Part 1. Linked Data introduction
Background: The web of documents
Everyone who has ever used a browser is familiar with the World Wide Web that we've been enjoying for many years. This Web — really a web of documents — has provided a foundation for us to share previously unimaginable amounts of information, yet it has some key implementation details that ultimately impose a limit on its usefulness.
The Web represents information as text on pages. It was designed to allow humans to read, filter out redundant information, and infer meaning based on the natural language used, the context of the information, and the existing knowledge of the reader. In other words, we humans glean data from the Web pages that we read. Furthermore, the meaning of relationships between different pieces of information in the Web is never explicit. Again, we humans infer that meaning. HTML just isn't expressive enough to represent typed relationships between defined entities.
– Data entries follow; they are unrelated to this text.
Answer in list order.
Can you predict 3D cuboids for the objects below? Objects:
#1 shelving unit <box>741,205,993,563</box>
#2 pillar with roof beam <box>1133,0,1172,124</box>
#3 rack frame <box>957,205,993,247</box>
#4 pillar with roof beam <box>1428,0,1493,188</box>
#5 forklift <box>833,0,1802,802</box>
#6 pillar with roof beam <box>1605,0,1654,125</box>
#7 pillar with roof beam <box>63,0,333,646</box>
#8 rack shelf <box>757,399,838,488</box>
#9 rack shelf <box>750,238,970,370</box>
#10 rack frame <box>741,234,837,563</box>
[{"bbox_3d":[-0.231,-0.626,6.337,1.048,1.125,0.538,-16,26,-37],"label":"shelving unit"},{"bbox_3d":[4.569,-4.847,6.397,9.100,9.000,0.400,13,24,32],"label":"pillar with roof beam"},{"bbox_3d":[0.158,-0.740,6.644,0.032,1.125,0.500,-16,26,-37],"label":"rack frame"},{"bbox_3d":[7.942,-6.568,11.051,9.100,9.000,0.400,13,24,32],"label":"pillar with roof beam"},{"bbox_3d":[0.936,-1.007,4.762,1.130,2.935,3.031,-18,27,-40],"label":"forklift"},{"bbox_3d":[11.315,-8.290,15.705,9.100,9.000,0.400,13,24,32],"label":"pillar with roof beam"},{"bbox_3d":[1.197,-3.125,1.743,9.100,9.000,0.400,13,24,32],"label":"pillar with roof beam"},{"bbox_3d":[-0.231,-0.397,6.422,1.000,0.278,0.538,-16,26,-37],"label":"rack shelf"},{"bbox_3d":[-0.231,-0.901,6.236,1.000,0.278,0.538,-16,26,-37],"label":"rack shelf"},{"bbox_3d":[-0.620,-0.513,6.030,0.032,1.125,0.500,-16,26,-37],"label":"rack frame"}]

The document-centric Web does contain a lot of useful data, though. The problem is, due to the way that it is represented, we can't do as much as we'd like with that data. And just as problematic, if not more so, is that a lot of the data that we could use to help us answer our questions simply isn't published.
When we search the Web, we rely on algorithms employed by search engine indexers to provide links to documents that the indexer believes are relevant, but those might or might not contain the information that we seek. We trust the algorithms used not to exclude useful and relevant information from the result set, and we're expected to filter out any remaining irrelevant information and to combine information that is represented on different pages to try to arrive at answers to our questions.
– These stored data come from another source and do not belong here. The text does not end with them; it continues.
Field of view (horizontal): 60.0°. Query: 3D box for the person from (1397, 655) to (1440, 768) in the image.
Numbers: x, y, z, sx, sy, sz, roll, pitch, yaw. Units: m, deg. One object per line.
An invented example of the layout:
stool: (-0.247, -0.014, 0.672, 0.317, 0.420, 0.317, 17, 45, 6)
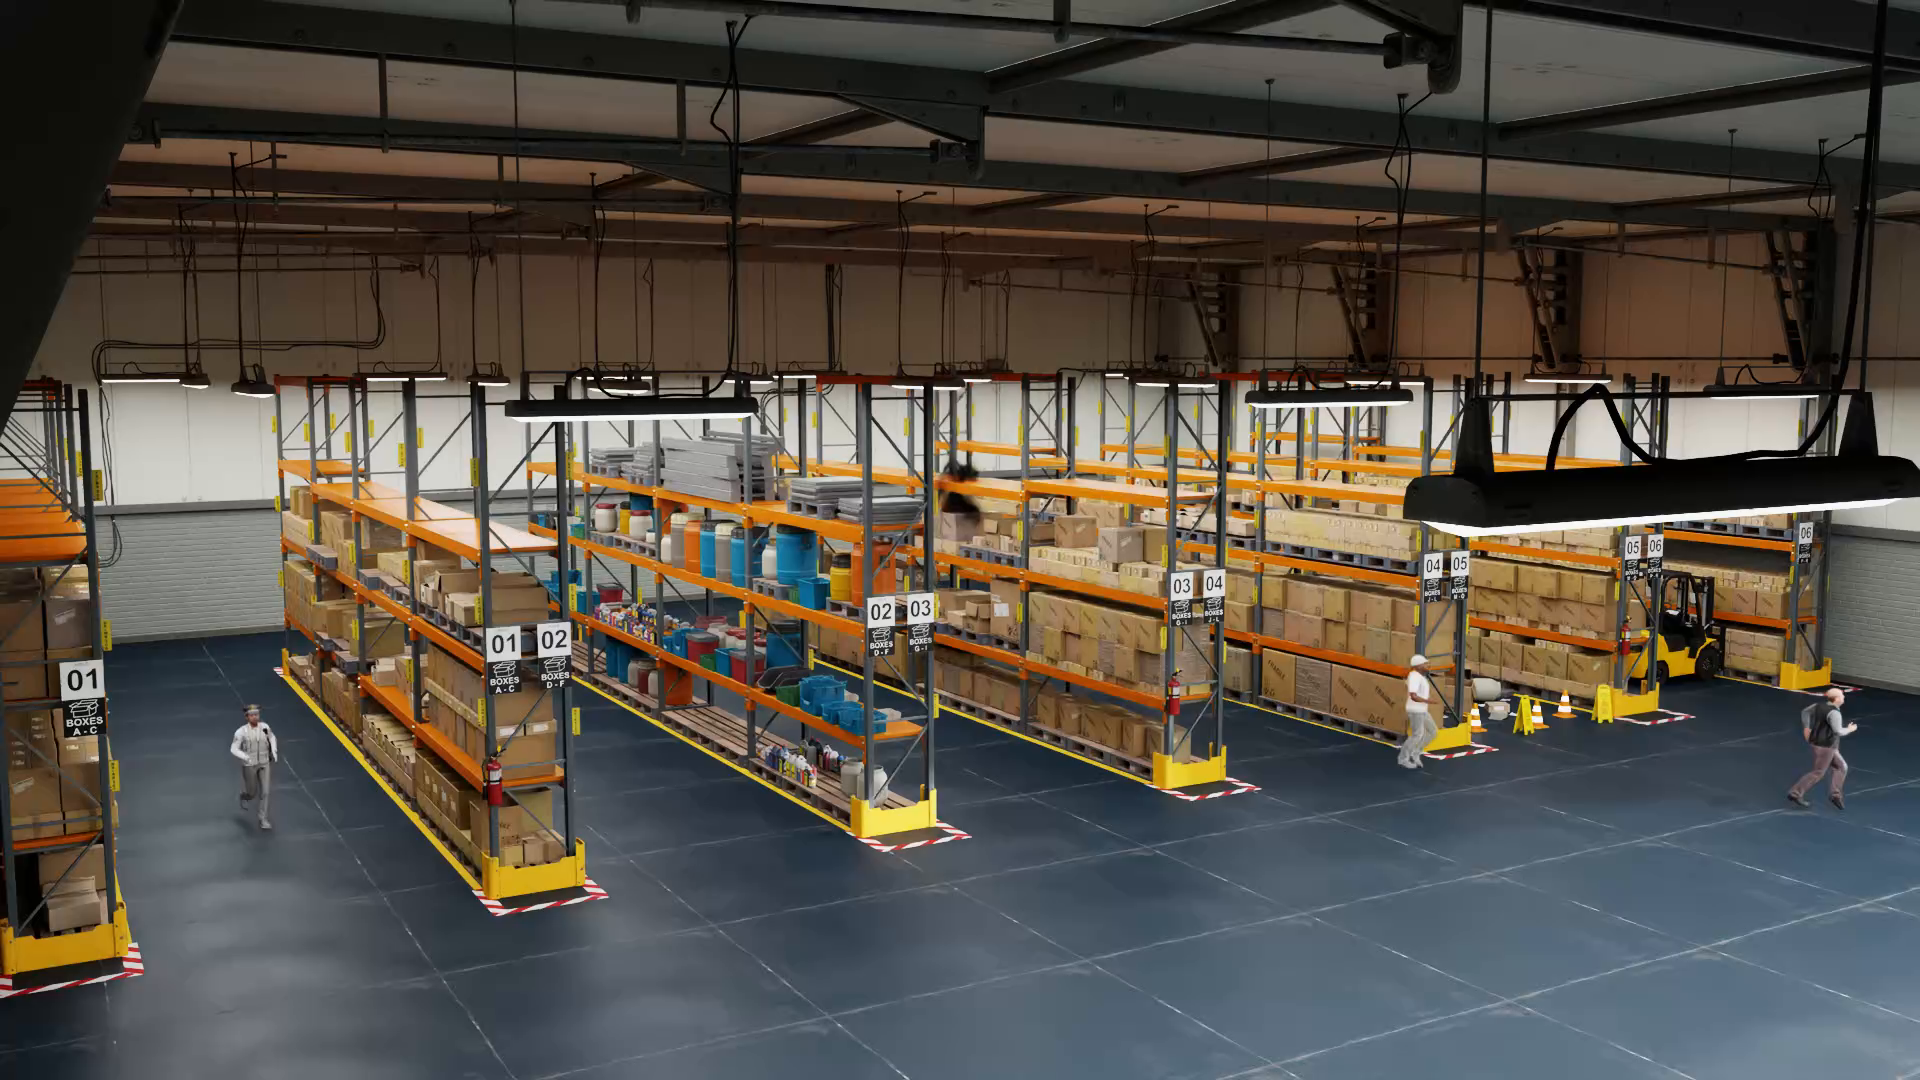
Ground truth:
person: (7.119, 2.654, 25.725, 0.621, 1.762, 0.691, 3, 7, 24)

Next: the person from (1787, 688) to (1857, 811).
person: (12.075, 2.941, 23.297, 0.851, 1.763, 0.678, 1, 6, 9)

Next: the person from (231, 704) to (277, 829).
person: (-9.551, 3.041, 22.590, 0.632, 1.661, 0.861, -5, 8, -39)

Imagine being able to perform a search that allows you to expect accurate and relevant answers to even the most complex of the questions that you might ask. Does that sound good? It's what you can expect when, rather than searching a web of documents, you search a web of structured data.
Linked Data (see Resources) refers to a set of best practices for establishing a web of data; that is, publishing and connecting data on the Web. Linked Data can be read by machines, has explicitly defined meaning, can be linked to other data, and can, in turn, be linked to from other data.
When we describe meaning in the context of Linked Data, we are referring to describing data in a form that is understandable by computers.
Linked Data has four main supporting principles, defined by Tim Berners-Lee:
- Use URIs to identify things.
- Use HTTP URIs so that people can look up those names.
- When someone looks up a URI, provide some useful information about that thing.
- Include links to other URIs so that additional, related things can be discovered.
Just as the Web relies on Uniform Resource Identifiers (URIs) and the Hypertext Transfer Protocol (HTTP) to provide a hugely scalable architecture for linking documents (HTML pages) regardless of where those documents are physically located, Linked Data uses the same underpinning technology stack to provide the same scalability for linking structured data, regardless of where that data is located.
Representing data in the Resource Description Framework (RDF) enables machines to interpret the data and how it is related to other data. Using RDF, we can build a web of data by describing data and relationships as triples, which consist of a subject, an object, and a predicate (verb).
You can think of a triple as like the structure of a simple sentence. For example, let's take the sentence "Tim Berners-Lee created HTML."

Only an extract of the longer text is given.